■ Task objective
Filter these entries, keeping only lines that hold the word "testing".

■ Dataset excerpts
##########

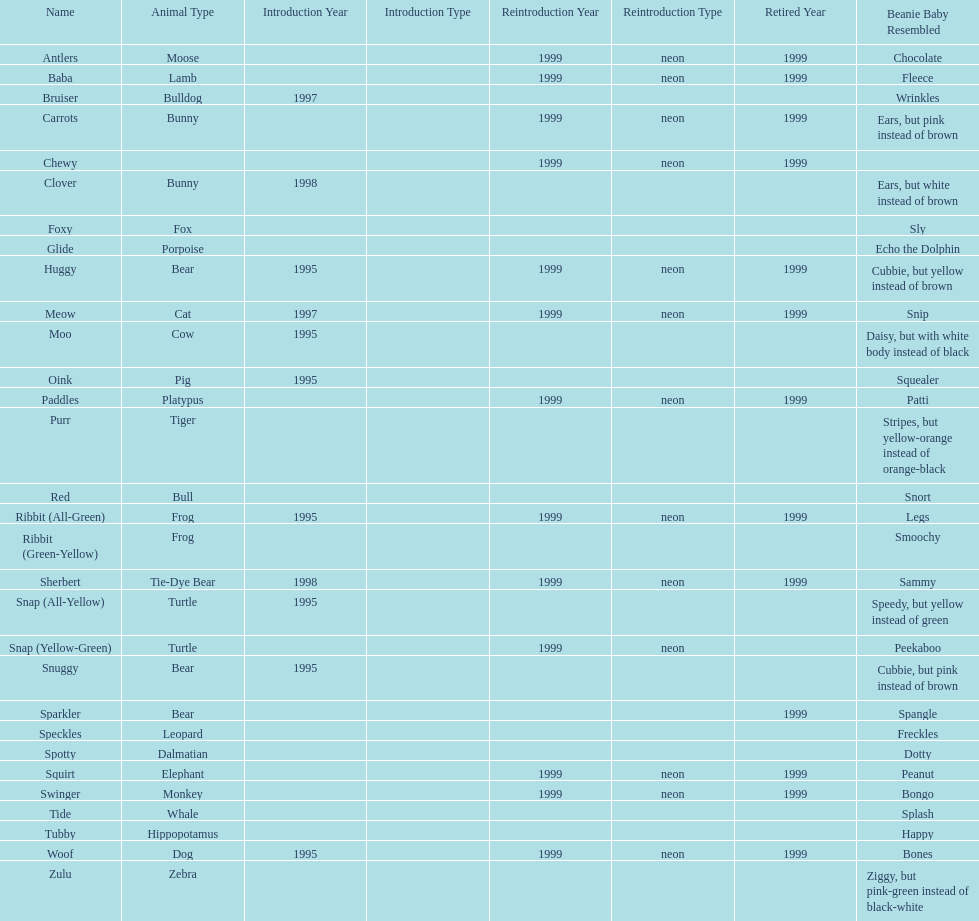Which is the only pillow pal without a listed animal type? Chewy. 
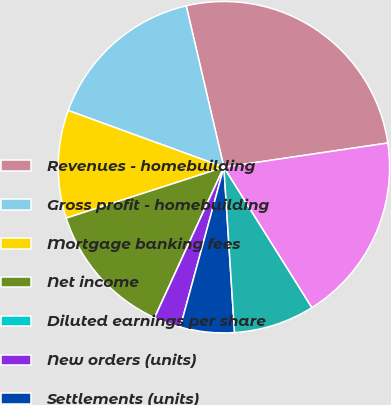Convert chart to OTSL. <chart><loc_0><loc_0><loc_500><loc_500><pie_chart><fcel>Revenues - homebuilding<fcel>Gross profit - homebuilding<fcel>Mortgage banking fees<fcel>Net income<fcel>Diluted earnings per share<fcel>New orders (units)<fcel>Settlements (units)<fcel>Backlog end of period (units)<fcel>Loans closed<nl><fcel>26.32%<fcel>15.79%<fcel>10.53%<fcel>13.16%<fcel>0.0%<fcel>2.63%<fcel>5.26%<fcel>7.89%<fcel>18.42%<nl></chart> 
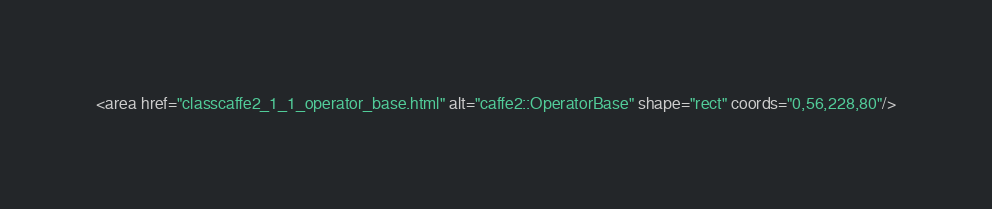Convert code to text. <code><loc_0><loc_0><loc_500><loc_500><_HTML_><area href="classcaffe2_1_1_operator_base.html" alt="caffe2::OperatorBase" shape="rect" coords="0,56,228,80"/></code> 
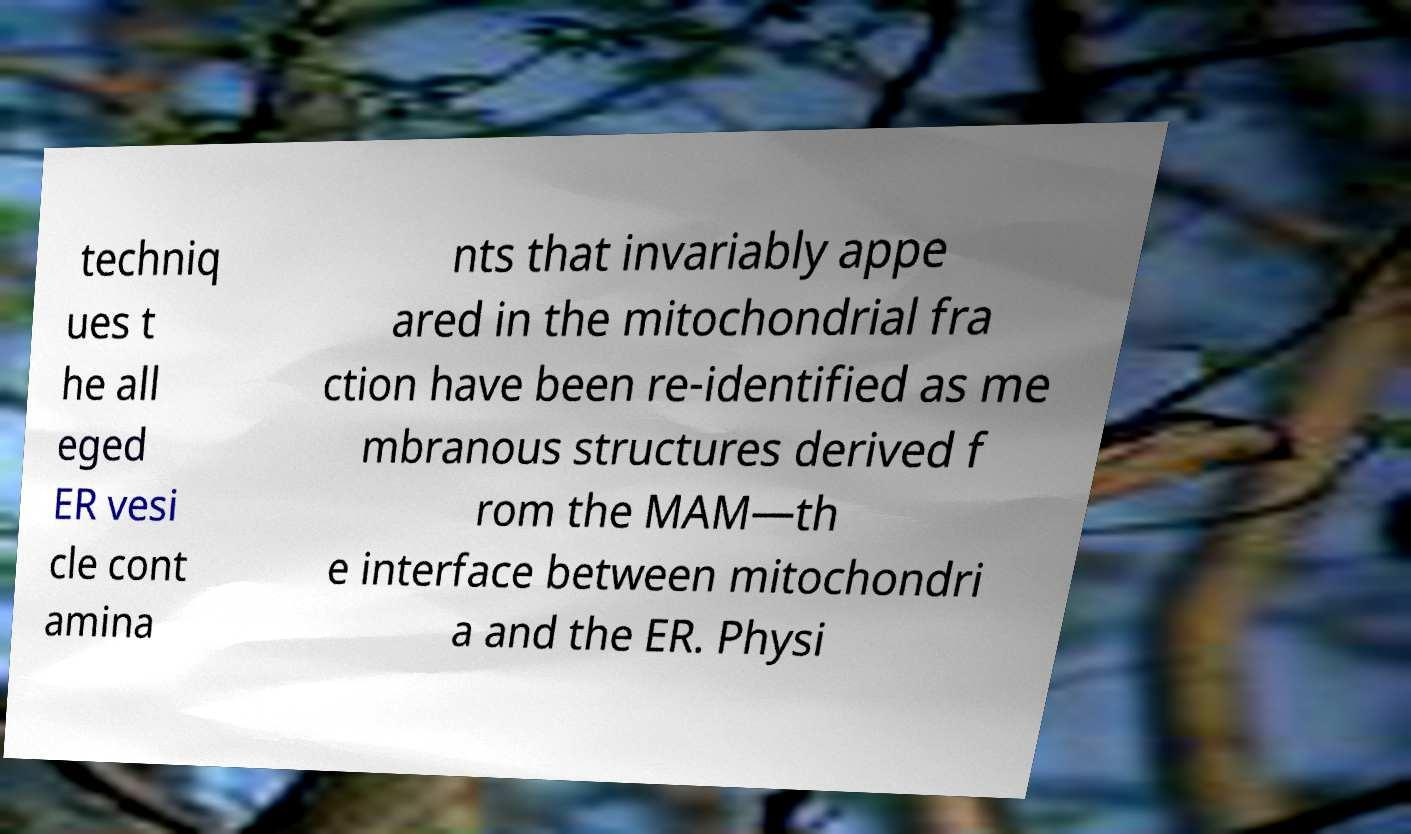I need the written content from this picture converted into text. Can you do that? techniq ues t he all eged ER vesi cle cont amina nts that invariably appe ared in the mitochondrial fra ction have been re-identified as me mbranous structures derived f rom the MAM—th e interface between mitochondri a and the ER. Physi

##########

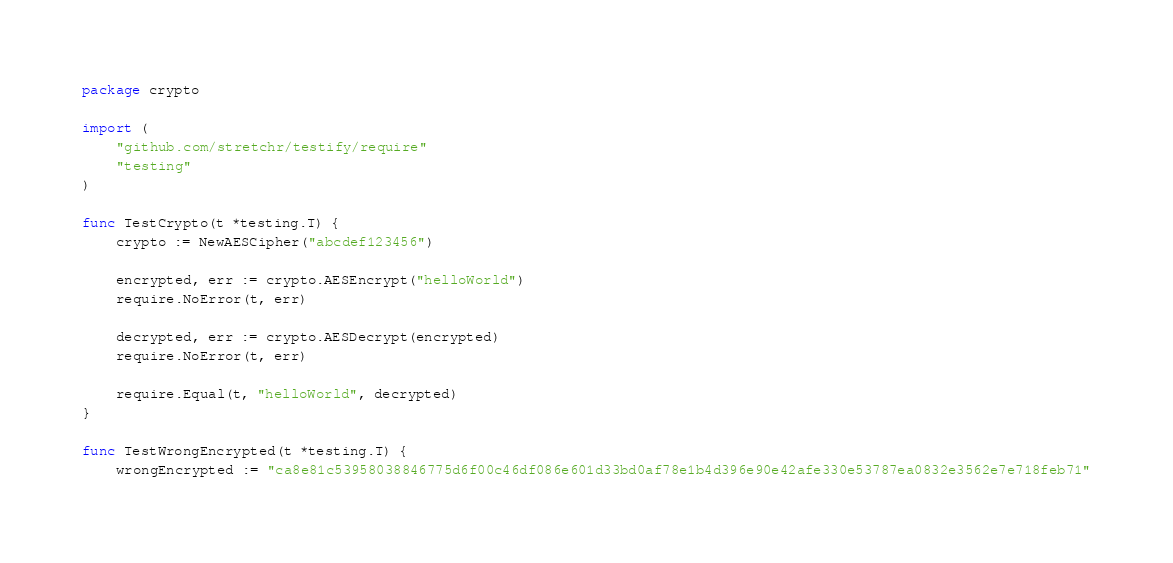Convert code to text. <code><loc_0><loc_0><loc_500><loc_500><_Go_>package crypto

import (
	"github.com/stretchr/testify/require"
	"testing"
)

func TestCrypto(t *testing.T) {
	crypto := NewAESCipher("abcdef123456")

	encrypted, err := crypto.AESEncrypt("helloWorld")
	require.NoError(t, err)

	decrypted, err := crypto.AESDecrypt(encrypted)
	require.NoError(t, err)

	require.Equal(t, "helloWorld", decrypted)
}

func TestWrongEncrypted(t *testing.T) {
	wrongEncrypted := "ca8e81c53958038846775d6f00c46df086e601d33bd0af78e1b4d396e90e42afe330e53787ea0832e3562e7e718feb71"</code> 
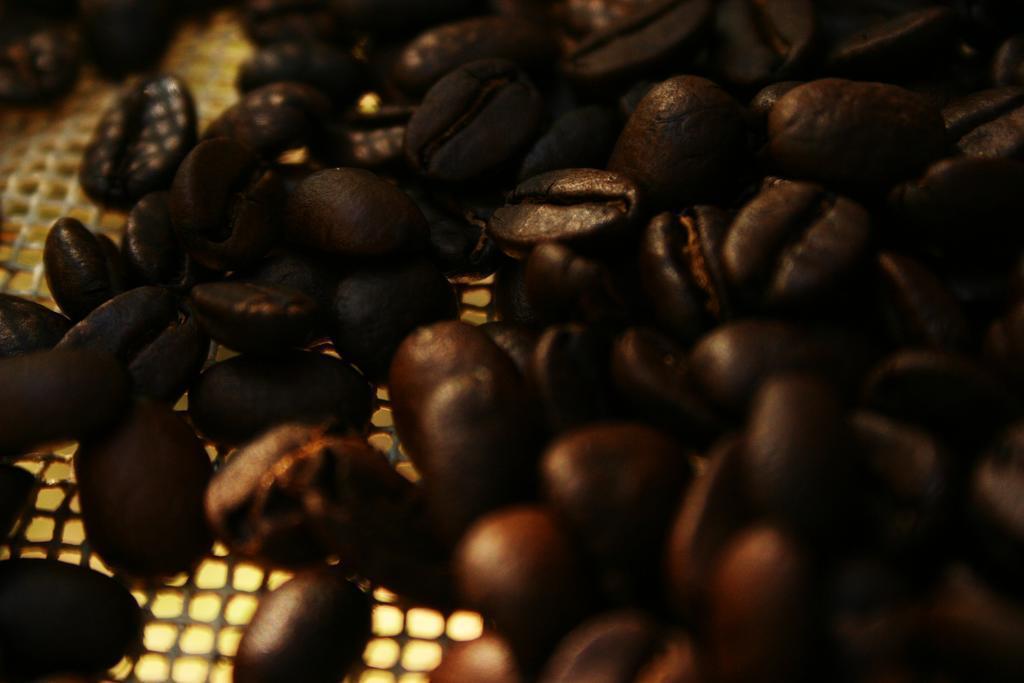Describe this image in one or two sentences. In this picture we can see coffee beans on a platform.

##########

■ Worked solution
	"testing"
func TestCrypto(t *testing.T) {
func TestWrongEncrypted(t *testing.T) {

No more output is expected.